La parole est à M. Pierre André, sur l'article.
M. Pierre André. Monsieur le président, monsieur le ministre, mes chers collègues, c'est un grand plaisir de constater, avec cet article 44, que le Gouvernement qui avait, par la voix de M. le Premier ministre, annoncé la relance des zones franches urbaines dans sa déclaration de politique générale tient parole. C'était un engagement de M. le Président de la République.
Monsieur le ministre, en cette période de fêtes, c'est un beau cadeau pour nos concitoyens habitant les quartiers les plus défavorisés. Vous avez réagi rapidement, et nous vous en félicitons.
Je constate aujourd'hui qu'il ne reste plus guère que quelques irréductibles pour critiquer les zones franches urbaines et leurs résultats.
M. Philippe Marini, rapporteur général. On va les entendre !
M. Pierre André. Ceux qui sont sur le terrain connaissent les résultats obtenus : des milliers d'emplois et d'entreprises créés, comme je l'ai souligné dans le rapport qui a été approuvé par la commission des affaires économiques en juin dernier.

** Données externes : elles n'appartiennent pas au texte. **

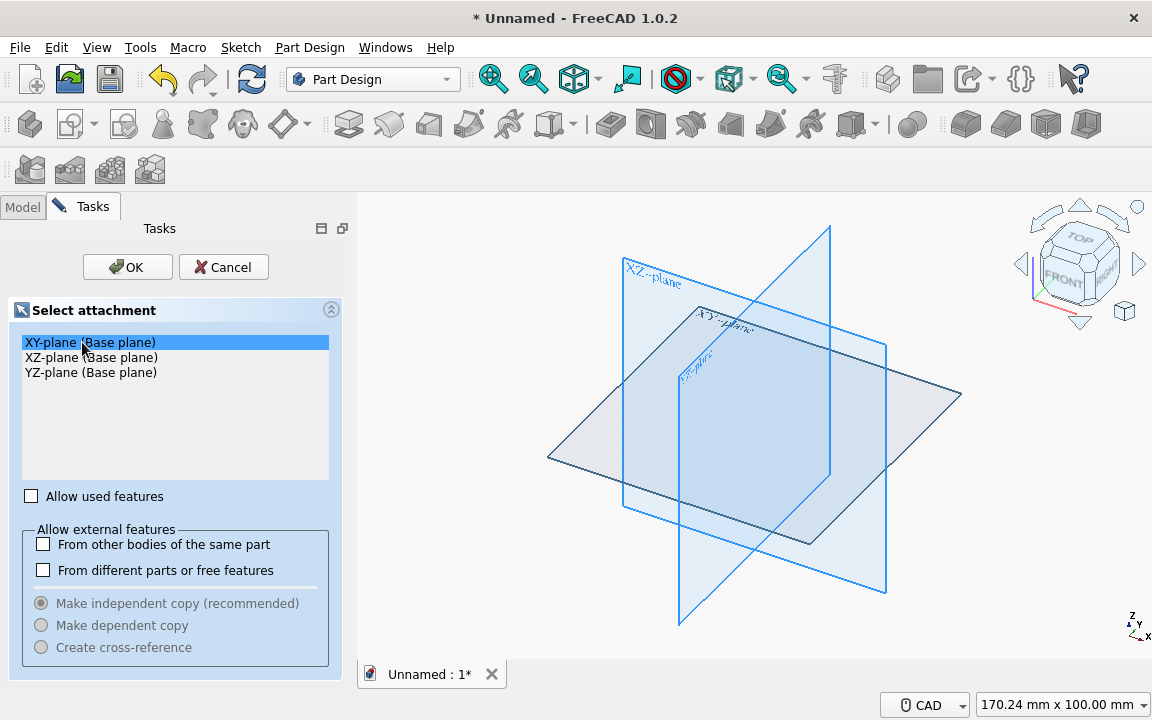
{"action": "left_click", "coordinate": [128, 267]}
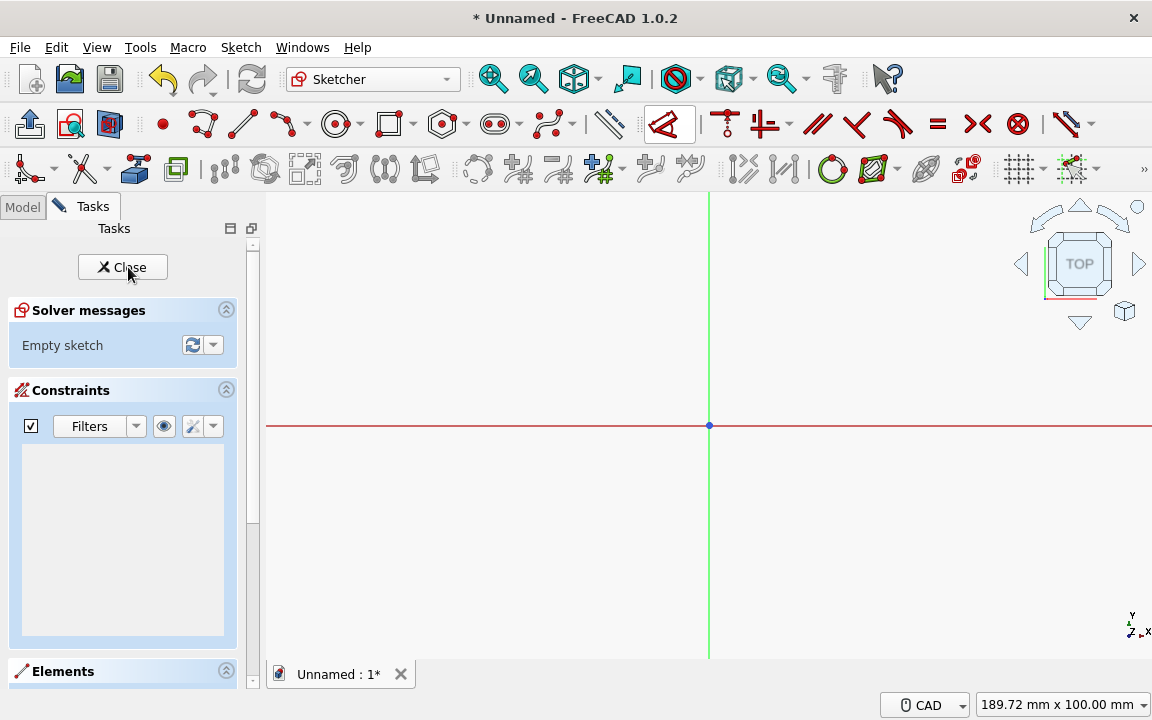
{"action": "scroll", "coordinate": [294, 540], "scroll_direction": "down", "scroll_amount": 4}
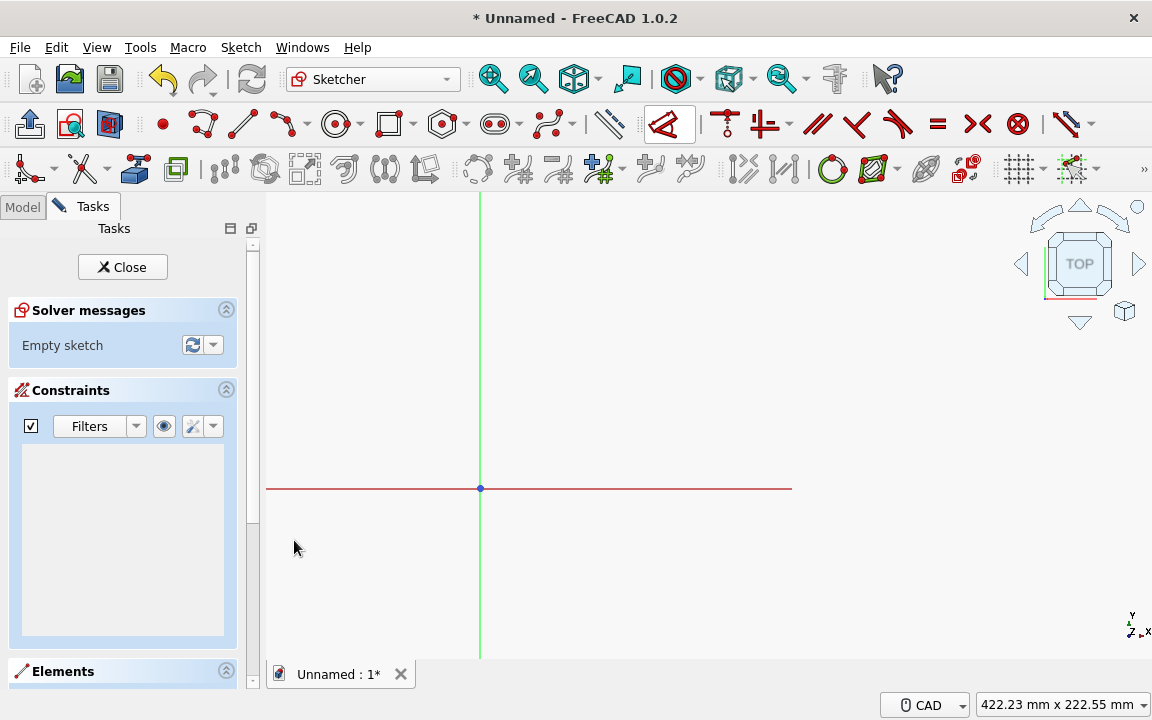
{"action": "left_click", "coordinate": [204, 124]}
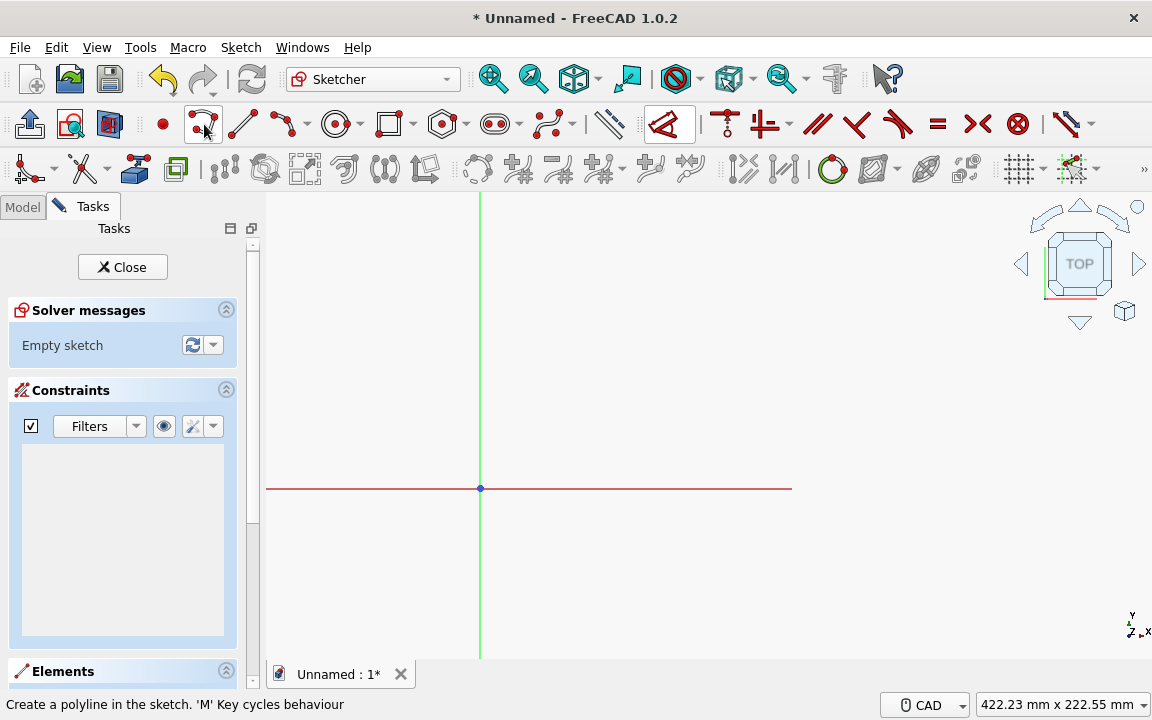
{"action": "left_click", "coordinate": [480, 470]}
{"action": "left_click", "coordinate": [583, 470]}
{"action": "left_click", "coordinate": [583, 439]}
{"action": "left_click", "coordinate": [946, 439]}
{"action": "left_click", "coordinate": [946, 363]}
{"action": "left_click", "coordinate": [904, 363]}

Compte tenu de l'heure tardive, je vous dispenserai des chiffres et j'insisterai sur la revalorisation de l'image même des quartiers en difficulté, ce qui est le plus important.
J'ajoute qu'aucun des quarante-quatre maires bénéficiant d'une zone franche urbaine, quelle que soit leur sensibilité politique, ne s'est opposé ou ne s'opposera au redémarrage de ce dispositif dans sa ville. En fait, pour le gouvernement précédent ainsi que pour les détracteurs des villes franches, le seul défaut de ce dispositif était d'avoir été mis en place par le gouvernement d'Alain Juppé et par les ministres Jean-Claude Gaudin et Eric Raoult.
Je défendrai tout à l'heure deux amendements pour conforter la place de la très petite entreprise dans nos quartiers en difficulté, mais permettez-moi, monsieur le ministre, d'attirer votre attention sur deux sujets : d'une part, l'application de cette loi et, d'autre part, l'évaluation de ses résultats.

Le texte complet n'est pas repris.